Thursday, January 3, 2008

Long way to go: MCU Development without Windows

ICD2 debugging is one of the things which does not work well under Linux yet. Piklab project is the trying to bridge the gap but it will take some time for it to be good enough. So right now people have to run Windows (natively or under VMware or similar virtulization technology).

http://forum.microchip.com/tm.aspx?m=294340
I am not so sure if petition like this is really useful or not. Main MCU vendors only offer software based on Windows and this will not change anytime soon.
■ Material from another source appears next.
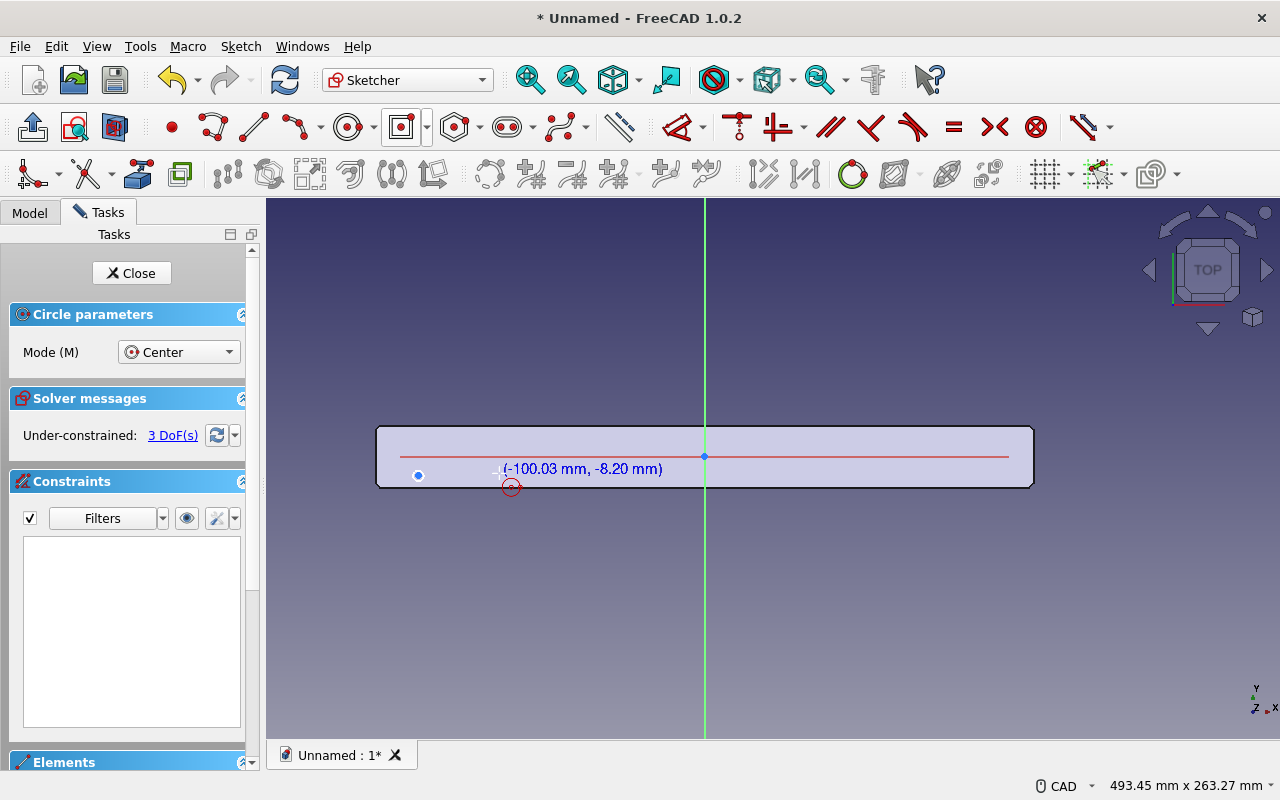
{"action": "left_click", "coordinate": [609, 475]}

Still Atmel is offering free GNU toolchains (GCC based) and IDEs (Eclipse based, support debugging) for AVR32, under Windows and Linux.
http://www.atmel.com/dyn/products/tools.asp?family_id=682

So I am hoping Microchip could learn a bit from Atmel and try to do the same for PIC32. Take note Microchip C30 and C32 compiler are both based on GCC.
http://forum.microchip.com/tm.aspx?m=296597

There are some third party tools under Linux for PIC development. For example, HiTech offers PICC/PICC18/dsPICC under Linux and it now adding support for ICD2 debugging. HiTech tools are not cheap though compared to Microchip provided tools.

There are quite some good ARM MCU tools under Linux. So that is one direction to go. Still the most popular tools (from Keil and IAR, etc) are still Windows only.

It seems there is still a long way to go for Linux to be the productive environment for many electronics engineer (hardware and firmware).